C’est un vrai drame social comme les Dardenne savent si bien le faire. Et si l’histoire est profondément difficile, mettant en jeu tout un tas de mécanismes honteux et faisant ressortir le côté sombre de certains individus, il en ressort malgré tout comme une lumière perçant l’obscurité. L’espérance, la persévérance et la solidarité sont en effet trois ressorts de ce qui se vit là. Mais ce n’est pas fait avec niaiserie ou sentimentalisme excessif. Au contraire, c’est avec brio et authenticité. Une autre grande qualité se situe également dans le fait qu’aucun jugement n’est posé sur aucun personnage. Le respect l’emporte. Pas de bons ou de méchants, mais la réalité humaine avec toutes ses ambigüités. Et à ce propos, la question de la force et de la faiblesse est évoquée avec cette obsession de la performance tant présente dans le monde de l’entreprise. Sandra est la « non performante », celle qui est devenue fragile et qui a perdue confiance en elle, mais qui retrouve progressivement force et courage grâce à la lutte menée avec son mari.

  

Justement enfin, qu’il est agréable d’avoir là donné l’image d’un couple uni, d’une famille solide. Comme je l’évoquais dans mon dernier article sur ce même blog, ce n’est pas souvent le cas dans le cinéma d’aujourd’hui, ni même toujours dans le cinéma des frères belges. Mais l’échec n’est pas une fatalité. Et cette unité, qui n’est pas montrée non plus « à l’eau de rose » (Sandra sort de dépression, leurs rapports amoureux sont en souffrance et le renoncement est tout proche), devient force de survie et d’avancement. Sandra va puiser son courage dans son couple, et longtemps Manu croit en Sandra plus qu’elle ne croit en elle-même.

Il est utile de noter que les frères Dardenne ont parfaitement maitrisé la fin de l’histoire.

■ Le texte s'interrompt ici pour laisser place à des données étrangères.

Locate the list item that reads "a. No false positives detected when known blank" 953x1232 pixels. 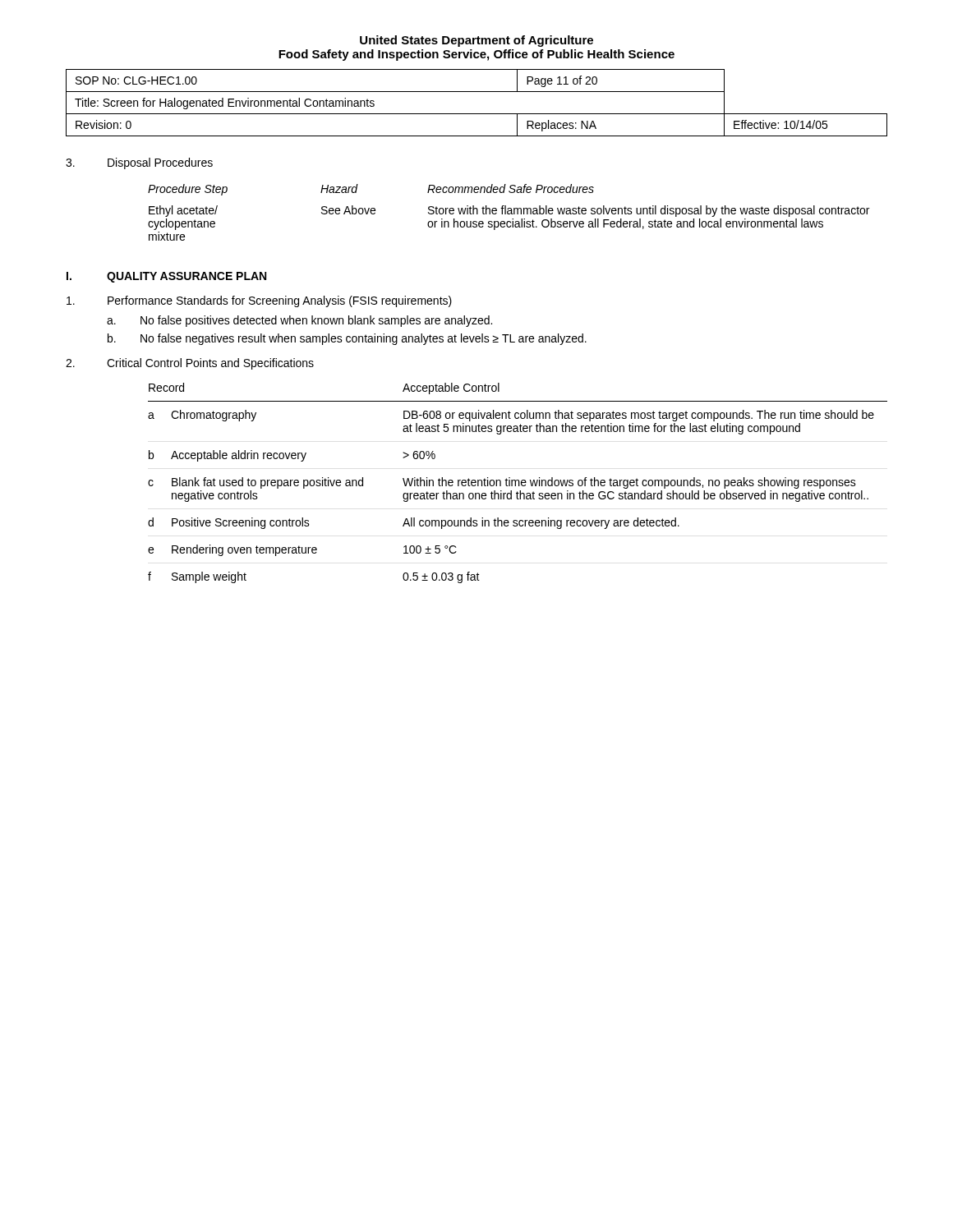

Pas forcément évident de conclure une telle histoire… Risque évident de tomber dans la facilité (de différentes façons possibles d’ailleurs)… Risque aussi de ne rien dire et de laisser, comme c’est souvent le cas, le spectateur en plan… Alors, en vous préservant d’un spoiler inutile et frustrant, le juste ton est simplement là et le rebondissement nécessaire intervient.

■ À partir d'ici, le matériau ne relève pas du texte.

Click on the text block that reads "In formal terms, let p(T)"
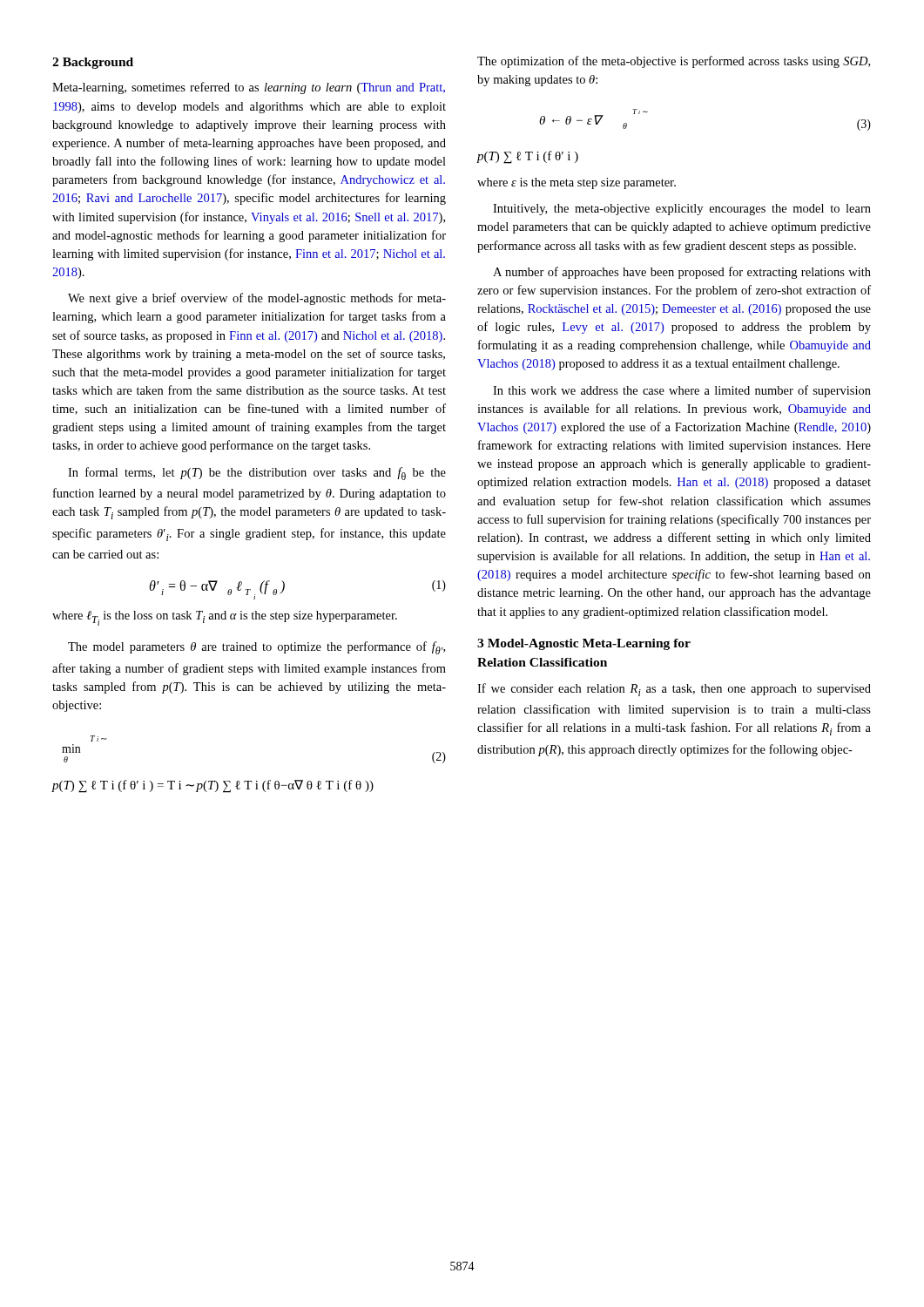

Autant le dire, et vous l’aurez aisément compris à la lecture de ces lignes, ce film est pour moi comme un vrai électrochoc. Il vous transperce et en même temps vous relève. Et même si, comme je l’ai entendu à la sortie de la séance dans la bouche d’un couple âgé à l’accent très « bourgeois », les frère Dardenne peuvent en ennuyer certains avec leurs drames sociaux… 2 jours, 1 nuit est un film nécessaire, utile et bon. Marion Cotillard est de plus admirable tant dans le rôle qu’elle tient que dans la façon de la faire. Rendez-vous maintenant samedi soir pour le palmarès… et sans doute aussi vendredi pour celui du Jury Œcuménique.